Now, it’s official: On Oct. 30 at El Dorado Hotel and Spa in the City Different, McCollum was the lone inductee into the New Mexico Press Association’s Hall of Fame.

“This (honor) is beyond anything I would have imagined — it’s not even something I’d dreamed about, because we sold our business 10 years ago,” he said. “I fought through the tears.”

Back in 2003, McCollum and his wife, Jaki, decided to purchase the struggling Las Cruces Bulletin, a weekly newspaper.

The couple formed FIG Publications LLC and turned the Bulletin into a well-respected community newspaper. That paper’s success led McCollum, then the NMPA president, to try the same thing with a weekly in Rio Rancho in 2009.

The country was still in that economic depression, newspapers around the country were down-sizing or closing altogether and the Observer — in business since 1973 and owned by Wick Communications since the mid-1980s — was on the brink of suffering a similar fate.

“I was president and we just had a board of directors meeting in Santa Fe, and Robin Martin said, ‘Can you come and visit with me in my office?’ She said, ‘I want to talk to you about the Rio Rancho Observer. I’ve gotten notice from the owners that they’re going to close the newspaper.’

“Of course, she was looking to protect her printing interest as well, but she had a genuine interest, I think, in not losing a newspaper in New Mexico.”

McCollum agreed. He wasn’t particularly interested in buying the Observer, though.

“I think my wife said something like only over her dead body would we do another newspaper, and Robin said, ‘Will you at least talk to the Wick people?’” McCollum recalled.

When he said he’d be glad to talk, Martin called the man who provided financial information. Then, the McCollums drove around Rio Rancho and were impressed.

“We said this is a community that deserves a newspaper. … I said, this really makes sense to me,” McCollum said.

So, the McCollums bought the Observer and brought in the NMPA’s president of the previous year, Hayes, to be the on-site publisher — he came here from the Carlsbad Current-Argus — and the rest is history.
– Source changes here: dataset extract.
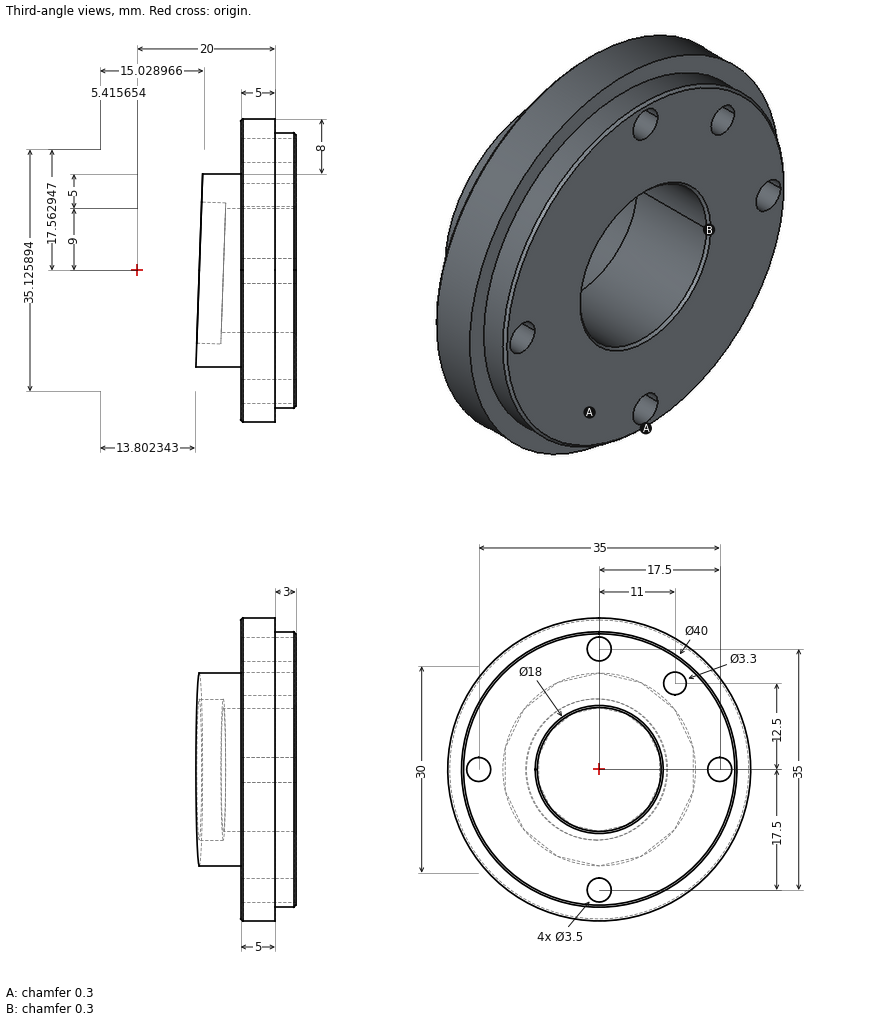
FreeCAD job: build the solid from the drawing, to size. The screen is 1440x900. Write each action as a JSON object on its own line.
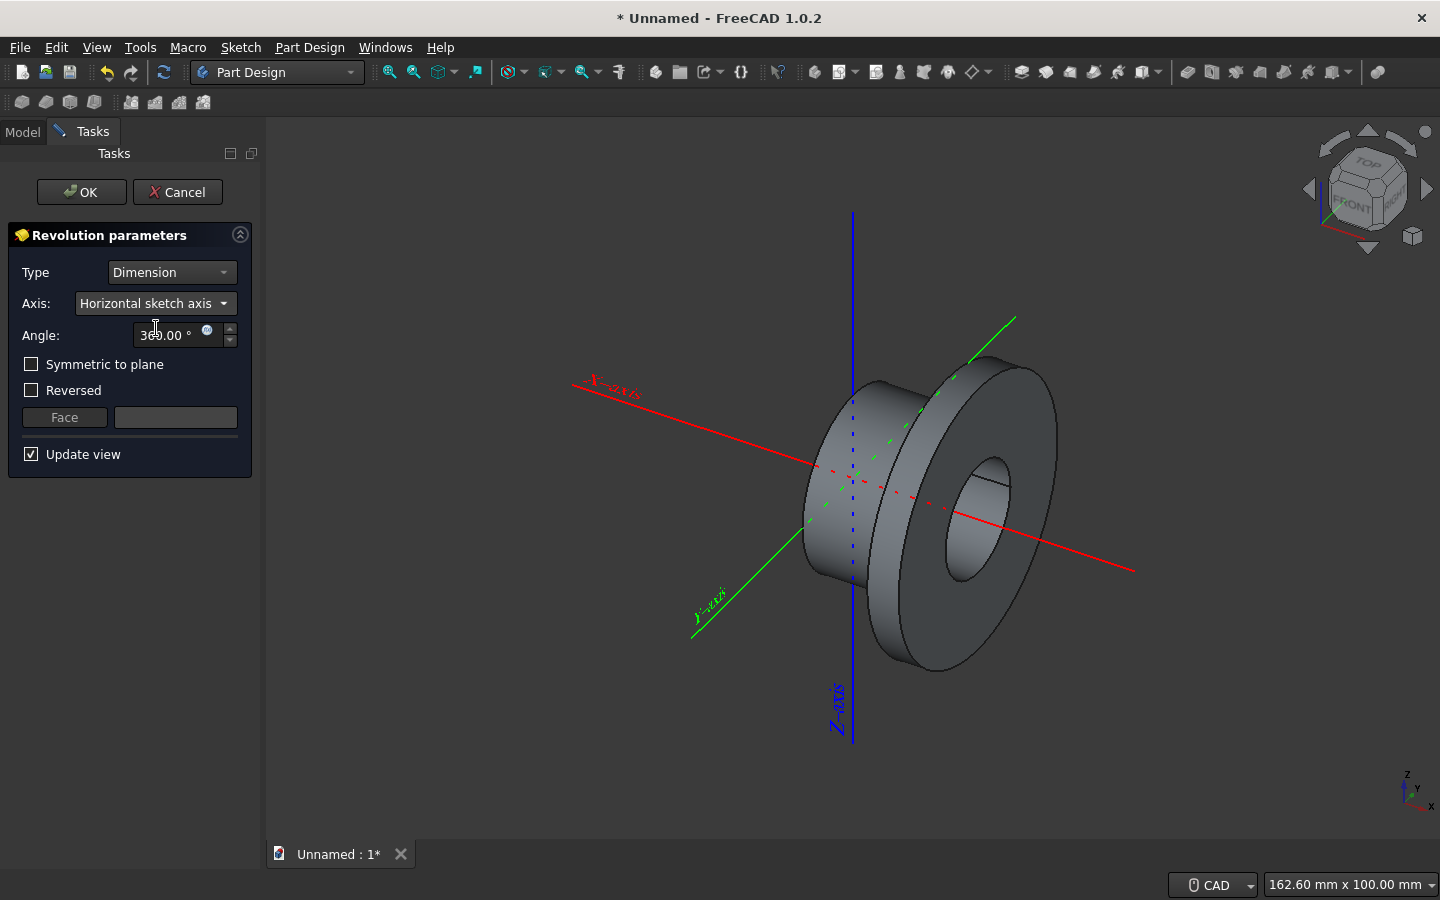
{"action": "left_click", "coordinate": [82, 192]}

The Observer continued to exist, even though the McCollums sold it to Hayes in 2012; he later sold it to Albuquerque Publishing Co.

Suffice it to say, though, without McCollum’s interest, there’d be no Observer today.

He’s understandably proud of having created a local voice in Rio Rancho, although, “We didn’t extend it quite strategically as far as we did in Las Cruces, but I think that market is still there — but you need to understand that the ownership needs to be committed to being in the newspaper business.

“People today still are interested — even young people — in reading a local print newspaper; I’m absolutely convinced of it,” he said. “You cover local people, local events and you just connect yourself to the community — if you think about it, the newspaper is the community.”

Ink on his hands a long time
Go back to 1956 and you’d have seen young Dave McCollum using a sheet from his “Big Chief” writing tablet to create a mini-newspaper about his school and third-grade classmates.

Two years later, he was writing a weekly column in his hometown newspaper, The Shidler (Okla.) Review. Four years after that, he was freelance writing sports stories for a handful of newspapers in Oklahoma.

After graduating from high school, he headed to Oklahoma State University and majored in journalism. (Despite his OSU interests, McCollum handled the business side of New Mexico State University athletics from 2012-16.)

He remained in the business, selling advertising, writing, publishing and more, finding time to join the Kansas National Guard in 1970 and was commissioned six years later as a public affairs officer in the U.S. Naval Reserve.

Although he’s an Okie, he’s also lived and worked in Alabama and Pennsylvania in his professional career. He and Jaki have been married 50 years; they have three children, six grandchildren and one great-grandchild.